Но и политические методы современного государства, и его давление на всех нас, и журналистика являются все еще слишком суровыми, чтобы содействовать или заинтересовывать в расширении коллективной деятельности.
Торги между работниками и работодателями, в особенности же - между эгоистичными работодателями и упорствующими рабочими, привели к распространению излишне резкой и элементарной формы коммунизма, связываемой с именем Маркса. Свои теории Маркс основал на уверенности, будто людские умы заняты исключительно экономическими потребностями, и что в нынешнем состоянии нашей цивилизации конфликт между интересами класса владельцев и интересами народных масс существует в силу неизбежности. С прогрессом просвещения, вызванным механической революцией, все это громадное большинство трудящихся станет более классово сознательными и солидарно встанет на борьбу против (осознавшего себя классово) правящего меньшинства. Маркс предсказывал, что сознательные рабочие возьмут власть в собственные руки и создадут новое социальное государство. Антагонизм, восстания, возможность революции - все это вполне понятно, только из этого не вытекает, что они должны породить новое социальное государство либо сделаться чем-то иным, чем процессом разрушения. Марксизм, выставленный на пробу в России, как мы это еще увидим, оказался особенно нетворческим.

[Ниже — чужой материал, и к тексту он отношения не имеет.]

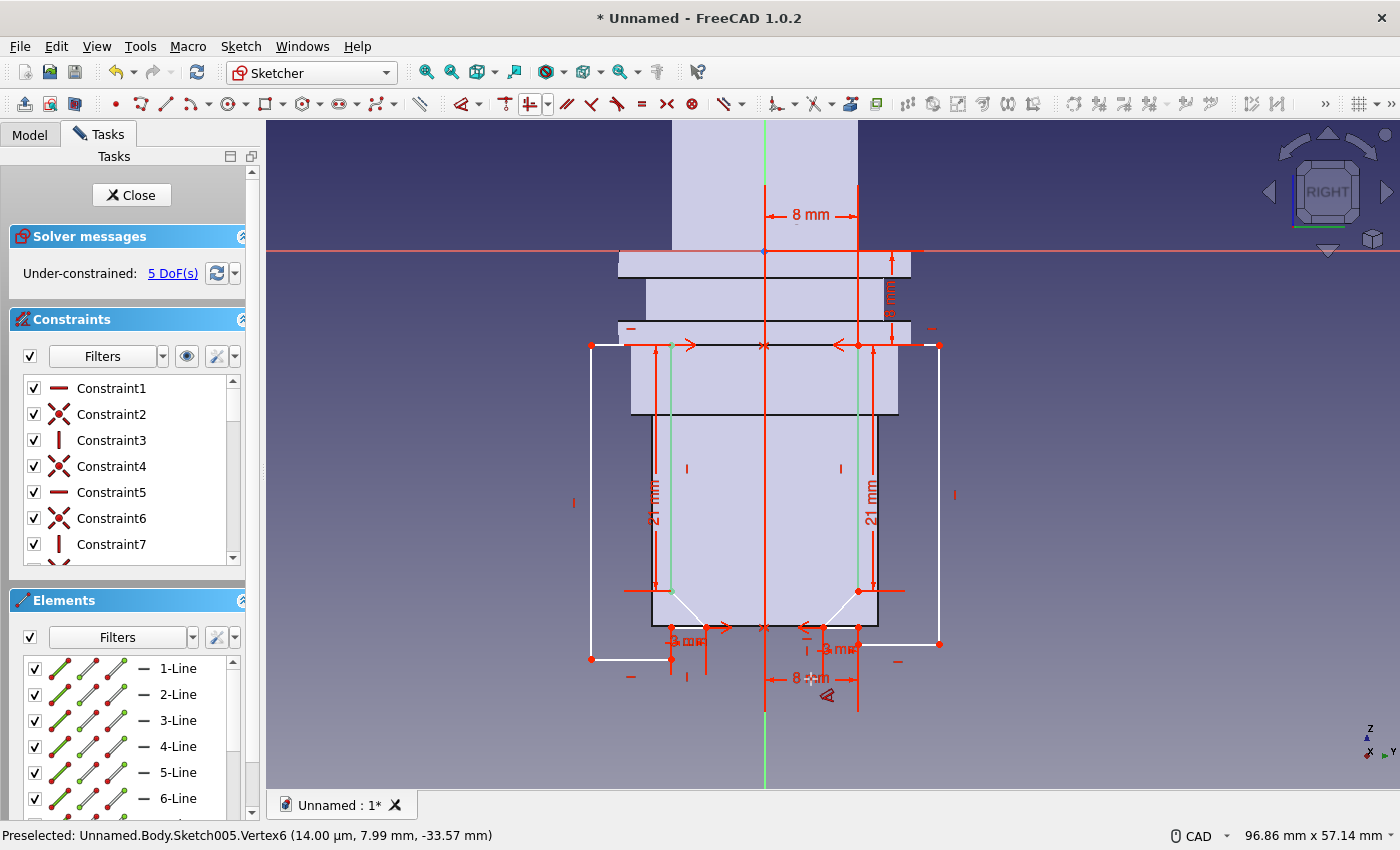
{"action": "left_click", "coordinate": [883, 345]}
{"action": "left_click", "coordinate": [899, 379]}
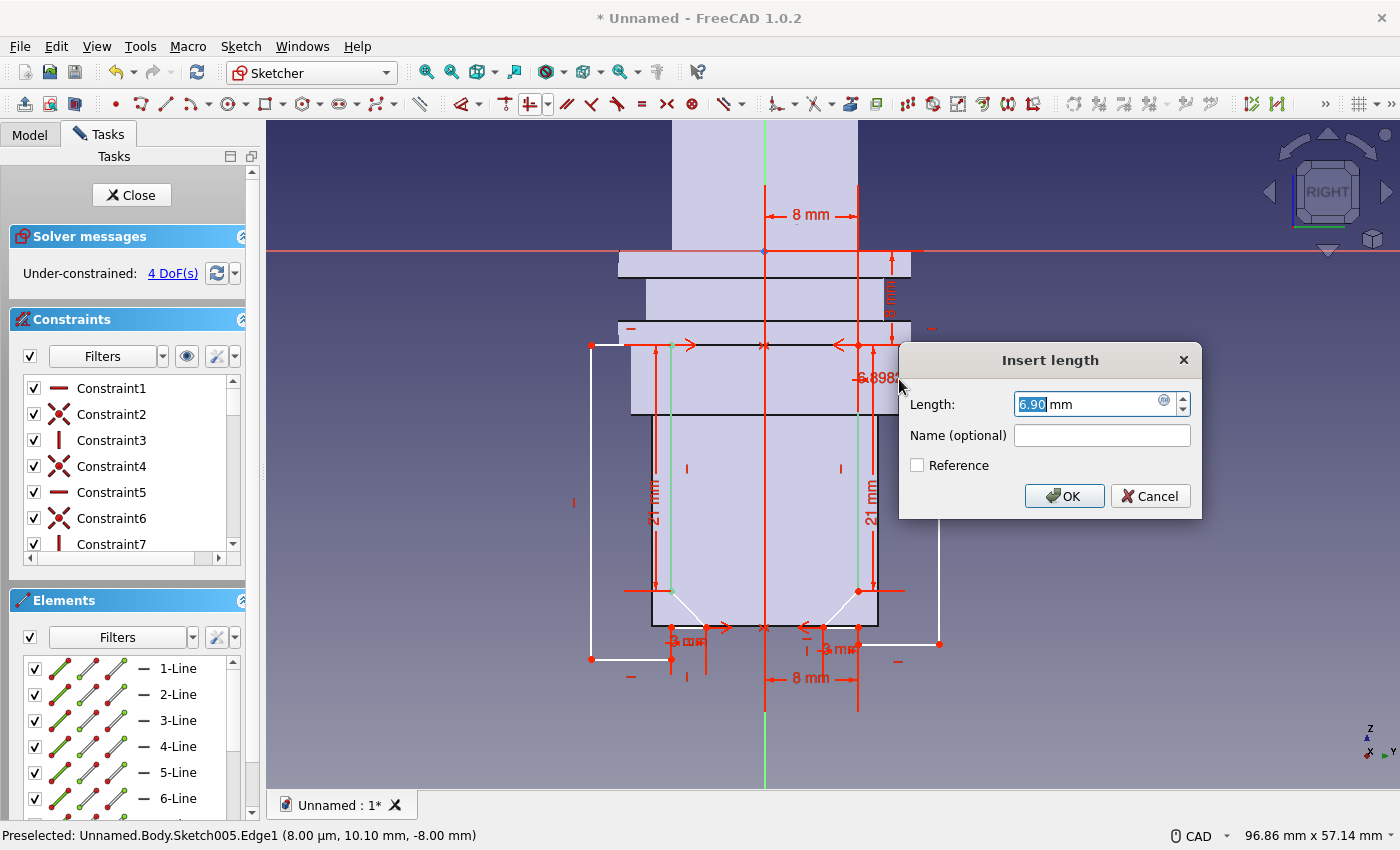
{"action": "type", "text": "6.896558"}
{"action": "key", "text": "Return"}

Маркс пытался заменить национальный антагонизм антагонизмами классовыми; марксизм создал поочередно первый, второй и третий рабочий Интернационал. Но даже современная индивидуалистская мысль тоже может привести к идеям интернационализма. Еще со времен великого английского экономиста Адама Смита все сильнее закреплялась уверенность, что благополучие всего мира зависит от свободы торговли. Индивидуалист - враг государственности - одновременно является врагом и всяческого рода пошлин, барьеров и всяческого рода помех, которые национальные границы ставят свободным передвижениям индивидуума. Интересно, как эти два направления, столь различных по сути: марксистский социализм, основывающийся на классовой борьбе, а так же индивидуалистская философия вольной торговли, признаваемая английскими бизнесменами со времен королевы Виктории соглашаются в одном: что все человеческие отношения должны рассматриваться совершенно по-новому, в мировом масштабе, без обращения внимания на границы и закоулки уже существующих государств. Логика реальности торжествует над логикой теории. Мы начинаем понимать, что и индивидуалистская теория, и социалистическая теория являются частью всеобщего стремления к более широким социальным и политическим идеям, которые могли бы подвигнуть всех людей ко всеобщему труду; стремление это началось и усилилось в Европе с того момента, когда люди потеряли веру в идею Священной римской империи и объединенного христианства, но еще более тогда, когда новые открытия расширили горизонты за пределы Средиземного моря на весь мир.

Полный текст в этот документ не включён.